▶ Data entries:
--- --- ---

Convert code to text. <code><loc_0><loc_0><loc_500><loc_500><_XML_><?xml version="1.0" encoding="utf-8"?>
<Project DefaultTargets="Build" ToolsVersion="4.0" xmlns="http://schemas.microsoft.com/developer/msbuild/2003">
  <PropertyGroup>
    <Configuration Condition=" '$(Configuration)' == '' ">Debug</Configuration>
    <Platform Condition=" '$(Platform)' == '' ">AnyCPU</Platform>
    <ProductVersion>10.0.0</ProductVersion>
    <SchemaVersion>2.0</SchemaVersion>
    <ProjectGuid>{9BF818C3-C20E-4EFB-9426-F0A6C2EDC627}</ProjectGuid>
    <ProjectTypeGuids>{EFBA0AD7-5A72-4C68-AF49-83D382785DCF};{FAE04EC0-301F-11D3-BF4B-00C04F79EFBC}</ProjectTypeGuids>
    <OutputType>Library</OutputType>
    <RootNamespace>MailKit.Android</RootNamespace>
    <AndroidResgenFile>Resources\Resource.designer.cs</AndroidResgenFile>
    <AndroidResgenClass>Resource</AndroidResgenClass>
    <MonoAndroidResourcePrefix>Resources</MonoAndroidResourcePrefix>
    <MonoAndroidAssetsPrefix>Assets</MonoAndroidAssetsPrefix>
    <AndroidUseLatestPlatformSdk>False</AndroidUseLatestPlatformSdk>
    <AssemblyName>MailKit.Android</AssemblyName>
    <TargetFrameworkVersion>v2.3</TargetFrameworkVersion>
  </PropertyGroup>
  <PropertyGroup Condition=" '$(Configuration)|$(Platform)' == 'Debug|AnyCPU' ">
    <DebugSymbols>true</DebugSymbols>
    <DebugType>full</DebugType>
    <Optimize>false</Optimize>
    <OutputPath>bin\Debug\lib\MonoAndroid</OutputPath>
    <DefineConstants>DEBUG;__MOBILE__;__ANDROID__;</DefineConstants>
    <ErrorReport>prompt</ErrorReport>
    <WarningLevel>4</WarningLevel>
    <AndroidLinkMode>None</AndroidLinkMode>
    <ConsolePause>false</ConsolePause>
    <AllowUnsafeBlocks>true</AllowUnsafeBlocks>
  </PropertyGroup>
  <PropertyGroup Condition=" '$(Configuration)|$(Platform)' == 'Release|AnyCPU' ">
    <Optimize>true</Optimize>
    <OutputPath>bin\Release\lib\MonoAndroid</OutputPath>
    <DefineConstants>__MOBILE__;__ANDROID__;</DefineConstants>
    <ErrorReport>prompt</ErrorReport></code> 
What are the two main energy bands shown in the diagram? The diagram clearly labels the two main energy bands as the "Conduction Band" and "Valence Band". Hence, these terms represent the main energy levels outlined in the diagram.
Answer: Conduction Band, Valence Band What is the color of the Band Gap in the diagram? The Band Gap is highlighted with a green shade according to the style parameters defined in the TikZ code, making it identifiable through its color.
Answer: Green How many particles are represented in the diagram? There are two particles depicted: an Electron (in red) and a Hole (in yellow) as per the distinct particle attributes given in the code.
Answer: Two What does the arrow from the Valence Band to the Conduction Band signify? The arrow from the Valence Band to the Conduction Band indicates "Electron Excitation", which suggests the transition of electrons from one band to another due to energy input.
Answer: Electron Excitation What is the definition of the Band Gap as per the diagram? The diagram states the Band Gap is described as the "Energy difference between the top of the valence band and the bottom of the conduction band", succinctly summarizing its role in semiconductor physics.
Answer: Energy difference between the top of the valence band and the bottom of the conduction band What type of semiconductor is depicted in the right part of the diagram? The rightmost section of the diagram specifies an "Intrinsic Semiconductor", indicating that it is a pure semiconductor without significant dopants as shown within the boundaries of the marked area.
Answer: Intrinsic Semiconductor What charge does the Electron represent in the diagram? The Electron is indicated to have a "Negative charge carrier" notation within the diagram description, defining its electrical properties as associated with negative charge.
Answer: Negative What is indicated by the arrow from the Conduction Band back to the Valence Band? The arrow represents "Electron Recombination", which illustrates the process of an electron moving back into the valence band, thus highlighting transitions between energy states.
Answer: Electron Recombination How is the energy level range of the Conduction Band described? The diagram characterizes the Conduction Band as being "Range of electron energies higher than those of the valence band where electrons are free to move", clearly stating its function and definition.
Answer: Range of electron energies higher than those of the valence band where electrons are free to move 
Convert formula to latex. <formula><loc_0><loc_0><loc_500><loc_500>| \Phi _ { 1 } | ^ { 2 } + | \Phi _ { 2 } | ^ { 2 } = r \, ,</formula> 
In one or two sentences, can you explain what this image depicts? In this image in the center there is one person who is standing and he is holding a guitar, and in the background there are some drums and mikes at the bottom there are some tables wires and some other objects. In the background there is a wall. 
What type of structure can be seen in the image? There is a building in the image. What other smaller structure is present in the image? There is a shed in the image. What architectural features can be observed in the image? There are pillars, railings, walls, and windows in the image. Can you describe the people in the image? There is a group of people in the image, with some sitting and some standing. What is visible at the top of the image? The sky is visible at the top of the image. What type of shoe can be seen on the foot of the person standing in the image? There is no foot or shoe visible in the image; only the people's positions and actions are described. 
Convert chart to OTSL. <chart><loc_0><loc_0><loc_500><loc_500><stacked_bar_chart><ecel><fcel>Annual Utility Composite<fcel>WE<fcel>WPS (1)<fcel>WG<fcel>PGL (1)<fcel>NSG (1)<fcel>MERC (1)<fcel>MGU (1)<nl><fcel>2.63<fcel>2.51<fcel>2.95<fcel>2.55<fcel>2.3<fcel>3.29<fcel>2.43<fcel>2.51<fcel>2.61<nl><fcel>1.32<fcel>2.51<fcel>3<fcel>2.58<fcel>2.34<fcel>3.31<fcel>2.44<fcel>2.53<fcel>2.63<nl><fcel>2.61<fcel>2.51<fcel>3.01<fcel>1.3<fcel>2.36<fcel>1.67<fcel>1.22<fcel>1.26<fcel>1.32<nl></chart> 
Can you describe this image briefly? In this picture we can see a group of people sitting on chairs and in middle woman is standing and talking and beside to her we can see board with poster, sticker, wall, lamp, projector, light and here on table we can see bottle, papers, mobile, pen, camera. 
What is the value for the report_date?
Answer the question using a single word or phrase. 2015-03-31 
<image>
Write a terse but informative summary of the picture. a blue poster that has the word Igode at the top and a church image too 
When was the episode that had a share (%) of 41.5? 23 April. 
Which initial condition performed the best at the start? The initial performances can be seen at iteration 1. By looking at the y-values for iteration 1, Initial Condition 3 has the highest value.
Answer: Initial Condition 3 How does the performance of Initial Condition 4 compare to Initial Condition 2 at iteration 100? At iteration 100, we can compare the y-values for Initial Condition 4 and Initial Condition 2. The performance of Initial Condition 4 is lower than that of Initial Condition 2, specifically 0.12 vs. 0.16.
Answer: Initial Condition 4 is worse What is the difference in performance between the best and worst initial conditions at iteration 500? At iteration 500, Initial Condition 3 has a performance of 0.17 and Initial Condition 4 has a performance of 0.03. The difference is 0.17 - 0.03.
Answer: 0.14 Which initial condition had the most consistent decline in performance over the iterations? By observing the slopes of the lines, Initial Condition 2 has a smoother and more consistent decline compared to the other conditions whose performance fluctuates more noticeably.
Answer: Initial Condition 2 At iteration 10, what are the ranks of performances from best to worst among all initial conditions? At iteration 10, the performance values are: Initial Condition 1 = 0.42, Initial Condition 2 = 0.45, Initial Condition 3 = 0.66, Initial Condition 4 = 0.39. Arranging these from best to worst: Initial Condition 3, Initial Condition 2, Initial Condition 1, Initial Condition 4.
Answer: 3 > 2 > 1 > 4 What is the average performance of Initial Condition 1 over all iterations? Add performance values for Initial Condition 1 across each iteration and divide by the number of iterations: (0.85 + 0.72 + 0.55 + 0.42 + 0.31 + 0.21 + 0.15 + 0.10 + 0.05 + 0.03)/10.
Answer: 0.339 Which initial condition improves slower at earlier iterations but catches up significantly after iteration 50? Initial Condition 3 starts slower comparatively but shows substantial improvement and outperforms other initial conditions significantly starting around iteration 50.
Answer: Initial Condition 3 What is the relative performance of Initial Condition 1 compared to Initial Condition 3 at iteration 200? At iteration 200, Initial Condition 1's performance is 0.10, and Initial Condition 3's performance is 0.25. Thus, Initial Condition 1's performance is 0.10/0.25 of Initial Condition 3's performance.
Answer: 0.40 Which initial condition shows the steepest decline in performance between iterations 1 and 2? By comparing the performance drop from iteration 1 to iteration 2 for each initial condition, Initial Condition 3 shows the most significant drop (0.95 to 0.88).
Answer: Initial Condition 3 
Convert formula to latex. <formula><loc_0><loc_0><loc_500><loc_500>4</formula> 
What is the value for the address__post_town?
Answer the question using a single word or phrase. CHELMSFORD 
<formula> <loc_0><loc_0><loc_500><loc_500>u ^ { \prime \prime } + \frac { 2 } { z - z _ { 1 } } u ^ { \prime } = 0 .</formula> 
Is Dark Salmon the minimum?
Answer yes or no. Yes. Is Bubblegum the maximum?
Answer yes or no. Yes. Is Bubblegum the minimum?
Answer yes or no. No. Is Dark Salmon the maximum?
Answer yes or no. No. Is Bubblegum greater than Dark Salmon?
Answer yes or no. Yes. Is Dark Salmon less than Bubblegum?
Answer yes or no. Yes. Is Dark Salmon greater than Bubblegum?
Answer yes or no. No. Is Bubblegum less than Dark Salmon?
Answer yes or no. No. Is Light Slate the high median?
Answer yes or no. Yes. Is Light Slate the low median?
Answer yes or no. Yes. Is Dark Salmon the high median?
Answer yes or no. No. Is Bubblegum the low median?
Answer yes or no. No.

--- --- ---

▶ About this task: Only the lines from the one containing "Answer yes or no. Yes. Is Light" through the final line of the records above should be printed, exactly as they stand.

▶ Your response:
Answer yes or no. Yes. Is Light Slate the low median?
Answer yes or no. Yes. Is Dark Salmon the high median?
Answer yes or no. No. Is Bubblegum the low median?
Answer yes or no. No.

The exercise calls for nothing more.